Convoluted Queer Valley Native
My name is Megan Bronson and I am a convoluted queer valley native. I grew up in the farm towns of the San Joaquin Valley, having lived, worked, or gone to school in Los Banos, Dos Palos, Santa Nella, Oro Loma, Merced, and Fresno. If there is any one thing I am connected to, it is this place and these people.
I received my AA in English from Merced College and transferred to Fresno State, majoring in the same. People often think that having a degree in English is about learning how to use a comma, or being constantly consumed by books, the truth is that getting an English degree is exposure to stories. I have traipsed the Caucuses with Tolstoy and lived in a Borges puzzle. But mostly, I have fallen in love with people.
Falling in love with people and stories has pushed me into some odd jobs. I was a writing tutor at Fresno State for two years because I wanted other people to enjoy reading and writing as much as I did. I was a wine specialist for a wine shop for three years because I enjoyed the culture of happy people. I was an editor at The Collegian for one year because I figured out that not only do I love other people’s voices, I love my own as well. Currently I work in disability law, helping people to get their voices heard in court.

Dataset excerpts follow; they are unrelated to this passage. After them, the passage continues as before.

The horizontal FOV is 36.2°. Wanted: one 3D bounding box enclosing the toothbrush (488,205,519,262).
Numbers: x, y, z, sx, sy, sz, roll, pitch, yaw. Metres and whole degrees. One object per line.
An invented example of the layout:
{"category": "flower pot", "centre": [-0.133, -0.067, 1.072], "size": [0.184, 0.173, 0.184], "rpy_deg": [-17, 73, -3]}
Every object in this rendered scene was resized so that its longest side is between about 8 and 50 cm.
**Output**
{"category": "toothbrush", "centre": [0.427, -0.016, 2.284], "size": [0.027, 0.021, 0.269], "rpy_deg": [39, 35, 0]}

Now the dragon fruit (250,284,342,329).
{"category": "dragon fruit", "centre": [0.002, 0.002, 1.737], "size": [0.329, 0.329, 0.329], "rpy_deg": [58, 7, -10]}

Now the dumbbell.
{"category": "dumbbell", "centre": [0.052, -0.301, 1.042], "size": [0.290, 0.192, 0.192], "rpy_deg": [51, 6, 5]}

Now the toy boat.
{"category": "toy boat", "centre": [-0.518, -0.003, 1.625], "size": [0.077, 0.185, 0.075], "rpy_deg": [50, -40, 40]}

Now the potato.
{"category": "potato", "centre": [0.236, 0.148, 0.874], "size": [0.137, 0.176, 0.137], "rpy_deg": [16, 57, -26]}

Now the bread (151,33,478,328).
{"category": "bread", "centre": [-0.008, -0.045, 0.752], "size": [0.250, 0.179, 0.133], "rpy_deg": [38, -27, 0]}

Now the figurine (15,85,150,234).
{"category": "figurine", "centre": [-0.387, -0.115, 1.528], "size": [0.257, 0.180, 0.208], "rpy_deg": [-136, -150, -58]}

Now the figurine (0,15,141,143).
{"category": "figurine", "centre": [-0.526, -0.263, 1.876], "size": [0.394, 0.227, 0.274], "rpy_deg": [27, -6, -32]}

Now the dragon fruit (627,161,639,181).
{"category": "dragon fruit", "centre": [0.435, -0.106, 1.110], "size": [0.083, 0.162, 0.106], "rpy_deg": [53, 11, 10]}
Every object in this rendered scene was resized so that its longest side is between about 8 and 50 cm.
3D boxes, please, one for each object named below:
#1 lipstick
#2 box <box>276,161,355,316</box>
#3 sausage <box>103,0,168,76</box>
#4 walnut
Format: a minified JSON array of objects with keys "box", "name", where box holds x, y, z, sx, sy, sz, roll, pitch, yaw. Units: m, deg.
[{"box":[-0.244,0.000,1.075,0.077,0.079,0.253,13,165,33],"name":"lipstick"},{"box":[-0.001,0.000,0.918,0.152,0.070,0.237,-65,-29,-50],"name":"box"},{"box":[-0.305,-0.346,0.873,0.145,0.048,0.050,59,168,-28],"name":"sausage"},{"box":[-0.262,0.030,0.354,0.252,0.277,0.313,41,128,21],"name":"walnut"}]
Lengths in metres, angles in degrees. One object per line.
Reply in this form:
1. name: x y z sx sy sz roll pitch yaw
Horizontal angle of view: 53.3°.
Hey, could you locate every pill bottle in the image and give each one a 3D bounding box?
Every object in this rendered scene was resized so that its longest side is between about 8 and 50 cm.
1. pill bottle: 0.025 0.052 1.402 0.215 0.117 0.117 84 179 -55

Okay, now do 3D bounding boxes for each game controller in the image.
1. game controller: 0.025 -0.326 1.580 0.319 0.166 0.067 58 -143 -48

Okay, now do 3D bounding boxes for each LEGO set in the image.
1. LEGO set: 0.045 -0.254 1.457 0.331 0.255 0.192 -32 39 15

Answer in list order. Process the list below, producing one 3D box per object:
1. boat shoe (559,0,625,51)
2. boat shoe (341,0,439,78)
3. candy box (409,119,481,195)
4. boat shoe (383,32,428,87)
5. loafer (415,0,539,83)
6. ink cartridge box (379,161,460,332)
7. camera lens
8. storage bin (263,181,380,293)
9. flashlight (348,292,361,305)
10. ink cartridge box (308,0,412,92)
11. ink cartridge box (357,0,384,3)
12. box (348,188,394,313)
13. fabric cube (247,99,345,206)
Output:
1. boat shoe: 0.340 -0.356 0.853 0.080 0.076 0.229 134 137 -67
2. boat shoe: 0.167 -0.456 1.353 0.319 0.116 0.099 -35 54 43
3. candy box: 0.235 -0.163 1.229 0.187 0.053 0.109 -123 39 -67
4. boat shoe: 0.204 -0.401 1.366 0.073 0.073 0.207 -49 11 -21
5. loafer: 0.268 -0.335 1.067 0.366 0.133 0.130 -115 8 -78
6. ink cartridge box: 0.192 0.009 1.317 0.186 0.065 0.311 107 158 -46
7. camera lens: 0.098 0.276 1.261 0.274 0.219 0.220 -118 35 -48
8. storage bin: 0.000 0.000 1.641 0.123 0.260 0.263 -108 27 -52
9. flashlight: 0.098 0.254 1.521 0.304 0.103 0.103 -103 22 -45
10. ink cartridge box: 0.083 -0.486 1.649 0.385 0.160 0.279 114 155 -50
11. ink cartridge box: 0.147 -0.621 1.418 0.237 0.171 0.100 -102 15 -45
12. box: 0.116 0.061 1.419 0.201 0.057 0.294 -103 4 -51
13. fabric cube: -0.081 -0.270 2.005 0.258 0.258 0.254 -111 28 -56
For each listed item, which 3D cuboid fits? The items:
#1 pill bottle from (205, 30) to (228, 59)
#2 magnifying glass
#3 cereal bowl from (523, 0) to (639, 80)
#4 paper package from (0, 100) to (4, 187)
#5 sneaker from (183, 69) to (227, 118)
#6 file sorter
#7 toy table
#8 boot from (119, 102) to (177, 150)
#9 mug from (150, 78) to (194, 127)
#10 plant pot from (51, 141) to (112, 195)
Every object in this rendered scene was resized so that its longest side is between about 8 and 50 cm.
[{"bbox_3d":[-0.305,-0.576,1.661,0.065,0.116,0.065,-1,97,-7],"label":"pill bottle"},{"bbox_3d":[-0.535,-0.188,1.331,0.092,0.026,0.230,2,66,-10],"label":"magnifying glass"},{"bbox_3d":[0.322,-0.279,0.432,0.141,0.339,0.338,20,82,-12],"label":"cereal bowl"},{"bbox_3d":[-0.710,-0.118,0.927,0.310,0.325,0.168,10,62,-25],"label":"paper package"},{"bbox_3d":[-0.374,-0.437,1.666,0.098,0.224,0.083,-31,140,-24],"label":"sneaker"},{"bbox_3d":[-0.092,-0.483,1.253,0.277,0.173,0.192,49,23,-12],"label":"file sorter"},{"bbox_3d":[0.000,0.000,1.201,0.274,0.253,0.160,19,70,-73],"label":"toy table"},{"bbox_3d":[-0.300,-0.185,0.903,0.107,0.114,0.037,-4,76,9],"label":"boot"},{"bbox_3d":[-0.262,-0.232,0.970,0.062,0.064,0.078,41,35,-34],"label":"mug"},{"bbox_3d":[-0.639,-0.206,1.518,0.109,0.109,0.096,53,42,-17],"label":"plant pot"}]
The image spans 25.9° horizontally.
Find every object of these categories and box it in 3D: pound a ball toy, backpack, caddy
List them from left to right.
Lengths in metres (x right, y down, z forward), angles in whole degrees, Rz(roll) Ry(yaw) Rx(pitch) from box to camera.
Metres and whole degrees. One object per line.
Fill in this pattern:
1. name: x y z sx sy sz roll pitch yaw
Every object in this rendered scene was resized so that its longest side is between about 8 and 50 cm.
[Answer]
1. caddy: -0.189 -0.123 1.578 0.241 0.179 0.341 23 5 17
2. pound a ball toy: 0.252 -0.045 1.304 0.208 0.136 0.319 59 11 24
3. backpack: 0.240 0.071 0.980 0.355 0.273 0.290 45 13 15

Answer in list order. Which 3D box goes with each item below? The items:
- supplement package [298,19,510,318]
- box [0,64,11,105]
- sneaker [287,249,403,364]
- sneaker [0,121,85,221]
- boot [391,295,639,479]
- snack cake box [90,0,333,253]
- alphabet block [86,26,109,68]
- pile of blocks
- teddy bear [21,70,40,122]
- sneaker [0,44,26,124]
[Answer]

I also work at an adult school, helping students earn their diploma. I volunteer as an ambassador for My LBGT Plus, have a seat on Fresno State’s LBGTQ+ Advisory Board, serve as a trustee for UAW 4123 and have a seat on its executive board. I have a lot of interests, but the predominant interest is in helping other valley people through any means necessary.
I want to help people because at one point I needed help and when I reached out, there were hands to catch me. When I came out of the closet, I was not well received. My mother is devoutly Baptist and my family is predominantly conservative. For a long time my sexuality lived in shadows until I was forced to come out, or face being outed. Had I not been forced, I do not know if I would have ever come out. I might have just stayed an “ally” of the movement and watched love from afar. I know that I am not the only one. Here in 2016, in California, people are afraid to come out. They are afraid of the upheaval. They are afraid of distance that grows between those that do not understand that love transcends a political movement and that if I could be straight, I would be. I would love to imagine that my family would attend my future wedding. I would love to imagine that any child I might produce wouldn’t be politicized. I would love to imagine that I don’t have to worry about dying in a club. But I do not want to be straight if it means I do not get to love the woman that I do. I’d risk it all to hold her hand.
When people ask me if coming out was hard, I do not really know what to say. Yes, coming out was hard. But it is never over. Every day we come out. It is deciding whether we tell our co workers about our partners. It is smiling through unsolicited inquiry from the opposite sex. It is knowing that the moment you tag your partner in something, a new Facebook friend is going to find out. Every day of being out presents new challenges and new surprises; every day presents new opportunity. My niece will grow up with two aunts instead of just one. Her eyes will be opened to the world much sooner than mine had ever been. I am envious of her and proud of her at the same time. Our next generation of queer kids will have more allies than they know what to do with, and maybe then we can stop calling them allies and just start calling them people.